What is expected: Once you reach the line with "You are a GUI", transcribe it and every line after it to the end of the records, exactly, but not the pictures.

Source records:
● ● ●

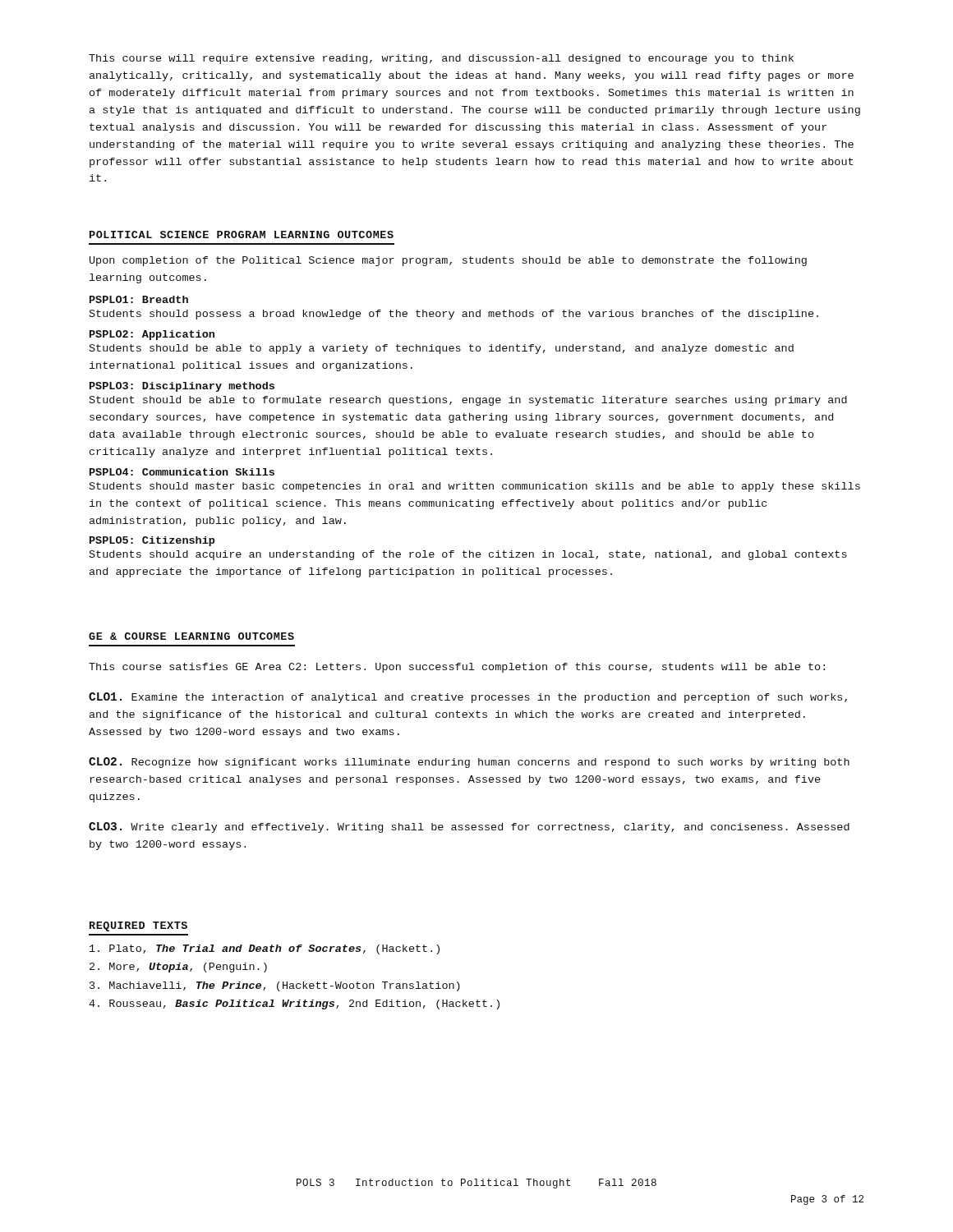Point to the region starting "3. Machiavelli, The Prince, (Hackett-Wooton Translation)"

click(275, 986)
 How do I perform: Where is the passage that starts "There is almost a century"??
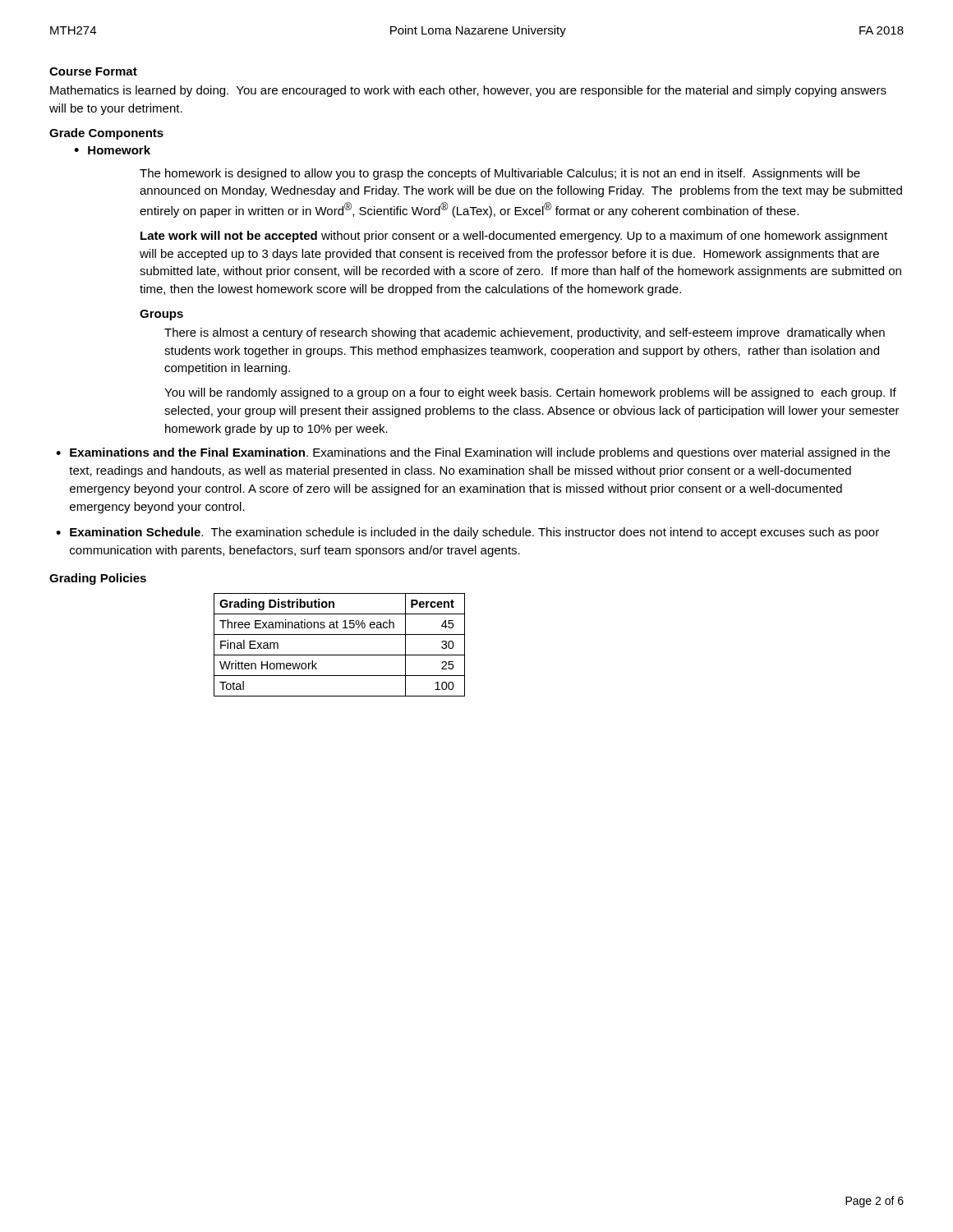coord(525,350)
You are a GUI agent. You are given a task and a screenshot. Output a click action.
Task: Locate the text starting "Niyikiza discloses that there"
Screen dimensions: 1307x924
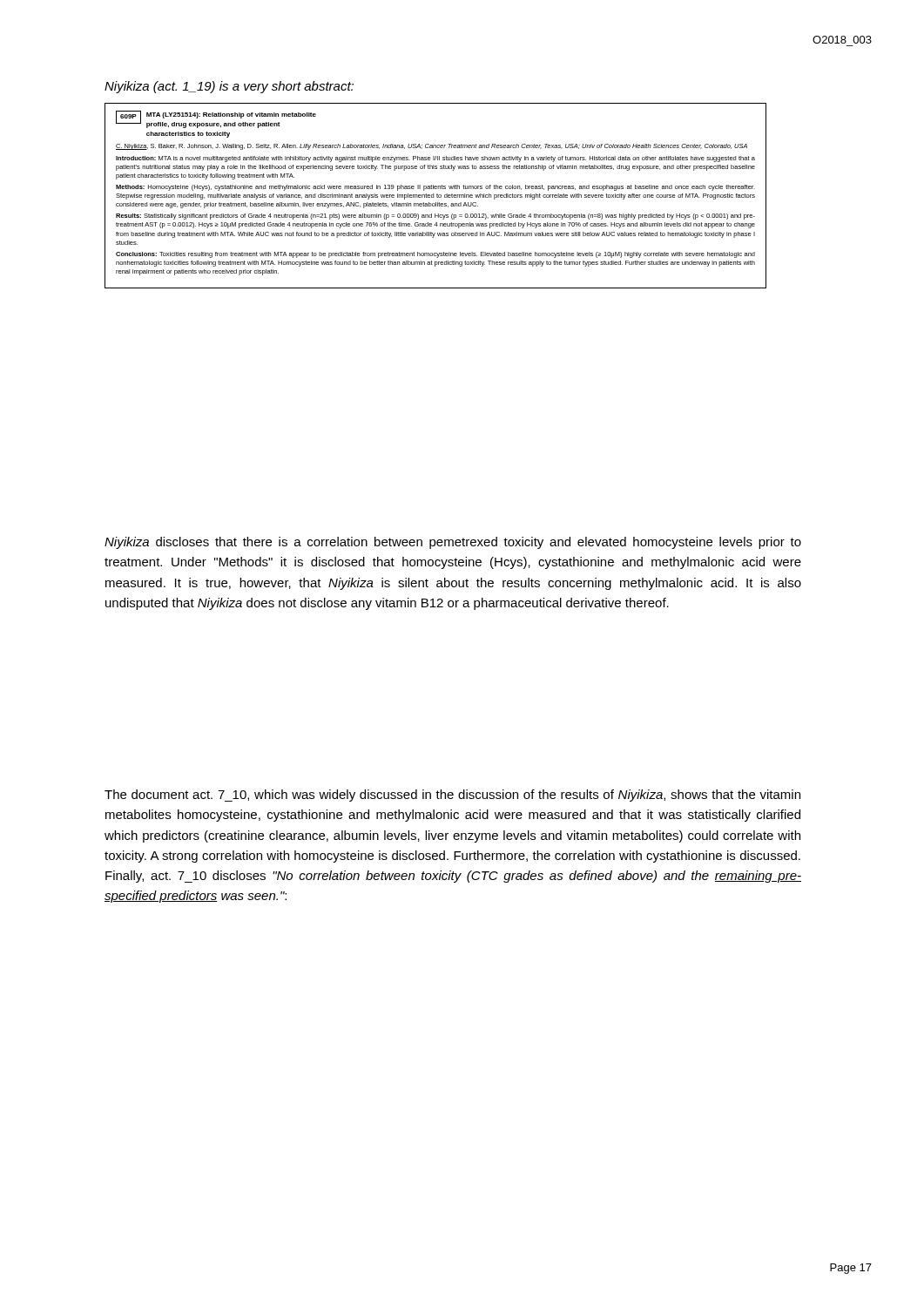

● ● ●

Task result:
You are a GUI agent. You are given a task and a screenshot. Output a click action.
Task: Locate the text starting "Niyikiza discloses that there"
Screen dimensions: 1307x924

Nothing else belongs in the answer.